I just measured the pre-minified source of one of my apps using webpack visualizer, and this package is 524.1 kB! See image above. React and lodash are the only dependencies that take up more space (before minification and code splitting). Why is it so big?
Also, are the language dicts loaded synchronously by default? Can the distributed version defer the loading of those large text files until they're needed, if at all? For the majority of my use cases the app needs to support only 1 or 2 languages.
glena
commented
7 years ago The size of lock is the result of the amount of logic it has internally to support all the different uses cases it attempts to solve. We are working on finding a way to make it lighter by having a better understanding of its dependencies but from the src code point of view there is no easy way to accomplish that in the short term.
About the languages, only english is bundled by default. You can see that in the i18n directory:
Remember that you can always use plain auth0.js and build your own UI that targets to your specific needs instead of lock which takes cares of tons of different scenarios related to db, social and enterprise connections mixups with all the posible configurations they might have out of the box.
theopak
commented
7 years ago Thanks for the quick and thorough reply!
The size of lock is the result of the amount of logic it has internally to support all the different uses cases it attempts to solve.
That sounds perfectly reasonable. And again, the fact that Lock is so thoroughly design + implemented + tested around those complex use cases is one of the reasons that I like using it.
About the languages, only english is bundled by default.
Ah, I see. Thanks for pointing that out to me.
Remember that you can always use plain auth0.js and build your own UI that targets to your specific needs instead of lock which takes cares of tons of different scenarios related to db, social and enterprise connections mixups with all the posible configurations they might have out of the box.
Some of the use cases at our company where Auth0 really works for us involve using it for enterprisey stuff. We've avoided some headaches by simply dropping Lock.js in front of WordPress and MediaWiki installations. In those use cases, it's an explicit goal to keep everything as plain and un-customized as possible for security/compliance and maintainability reasons. Is there some kind of auth0-lock config option or a combination of alternate packages that would make it possible for me to speed up all our Lock.js instances by default?
I think this issue is related to https://github.com/auth0/lock/issues/113
DavidWells
commented
7 years ago I still think there are a bunch of ways this lib can be streamlined for improved performance.
A quick size win would be removing immutableJS. That would shave 57kb off the total size.
hzalaz
commented
7 years ago Yes but since the core is based on inmutable we need to add some of the features, which will probably reduce the savings, or use another approach internally that does not require such big library.

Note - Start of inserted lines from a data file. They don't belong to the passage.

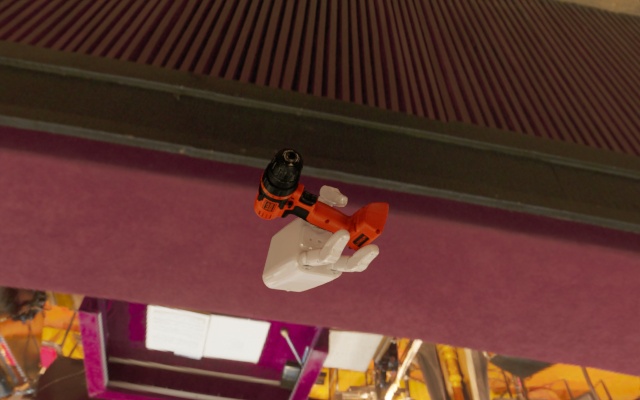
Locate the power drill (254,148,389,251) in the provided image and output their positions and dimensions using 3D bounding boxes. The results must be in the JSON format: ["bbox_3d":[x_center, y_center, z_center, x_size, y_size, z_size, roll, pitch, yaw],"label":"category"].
[{"bbox_3d":[0.000,0.003,0.699,0.187,0.057,0.184,23,-25,-7],"label":"power drill"}]
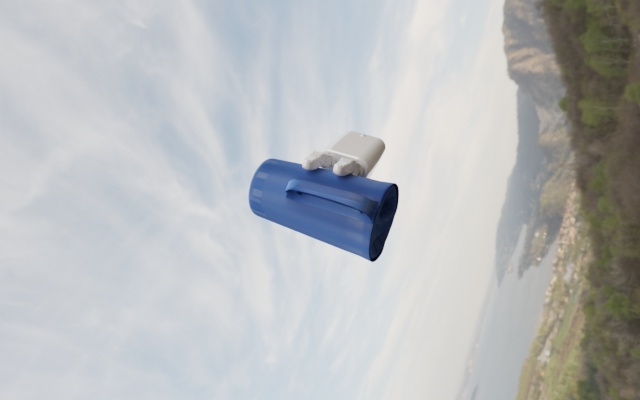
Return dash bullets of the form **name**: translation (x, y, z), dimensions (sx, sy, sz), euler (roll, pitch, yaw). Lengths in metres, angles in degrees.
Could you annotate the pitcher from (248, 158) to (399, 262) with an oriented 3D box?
- **pitcher**: translation (0.000, 0.003, 0.808), dimensions (0.243, 0.149, 0.145), euler (16, 35, 21)
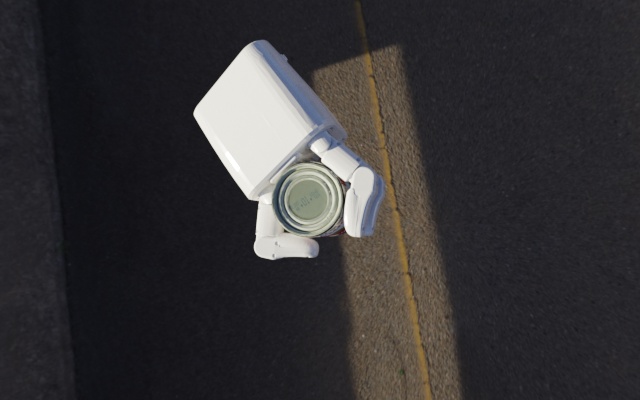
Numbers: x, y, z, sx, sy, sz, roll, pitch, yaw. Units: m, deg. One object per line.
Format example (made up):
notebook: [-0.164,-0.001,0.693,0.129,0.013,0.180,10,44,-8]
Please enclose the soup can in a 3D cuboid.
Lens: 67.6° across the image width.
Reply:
soup can: [0.000,0.002,0.462,0.068,0.068,0.102,0,-3,14]
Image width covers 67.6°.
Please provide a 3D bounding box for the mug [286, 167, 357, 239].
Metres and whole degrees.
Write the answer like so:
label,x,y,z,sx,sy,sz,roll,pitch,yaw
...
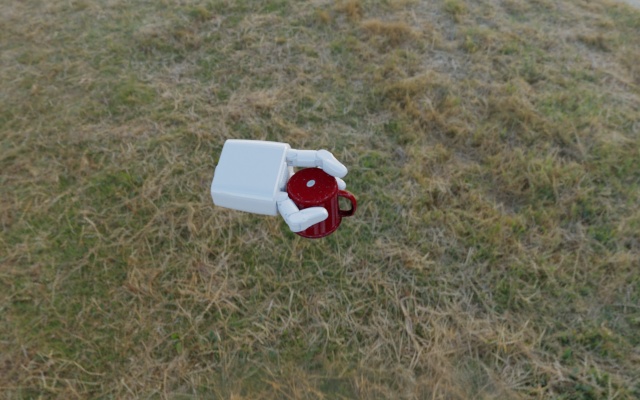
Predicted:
label,x,y,z,sx,sy,sz,roll,pitch,yaw
mug,0.002,0.003,0.770,0.117,0.093,0.082,7,-41,9
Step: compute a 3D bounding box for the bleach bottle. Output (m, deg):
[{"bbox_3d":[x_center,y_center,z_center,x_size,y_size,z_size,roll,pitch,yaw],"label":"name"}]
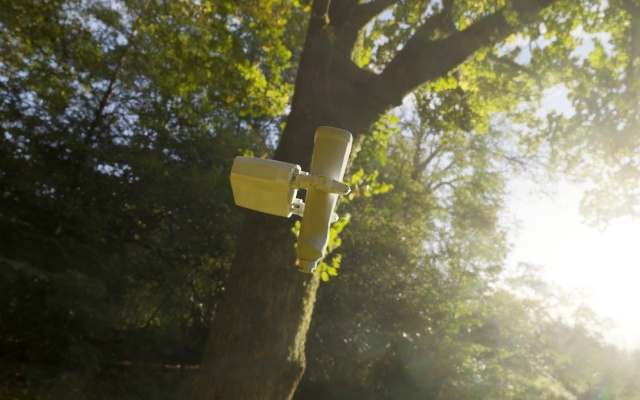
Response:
[{"bbox_3d":[0.000,0.003,0.850,0.068,0.250,0.102,11,-15,4],"label":"bleach bottle"}]

We detected a couple of libraries we can move that when we sum them all will improve a bit the size of the bundle.
In the end, Lock is a big component that handles a lot of different scenarios, we'll try to provide a smaller bundle or at least provide some flavored bundles, if your use case is simple (e.g. only db and social). Also there is the auth0.js + custom UI route, if you are willing to spend some effort building your own UI, that will give you more control on how big the auth component is.
DavidWells
commented
7 years ago Thanks for the reply. We are planning on rolling our own to cut down on the size. Just need to get around to building it =P
Removing immutable.js and running tree-shaking on the build would probably give the package a pretty solid decrease.
For example 'password-sherif' includes all of underscore.js while only using a couple of its methods. Tree shaking via webpack2 or rollup would take care of a lot of the unused code being included.
I suppose this tree-shaking can be done in userland as well and will probably be what I try first to shrink this down.
dcworldwide
commented
7 years ago @DavidWells have you tried bundling with webpack 2 to measure the size benefits of tree shaking? My project is a month or 2 away from moving to wp2 unfortunately. But we would make that happen sooner if we could see a decent bundle size reduce of lock.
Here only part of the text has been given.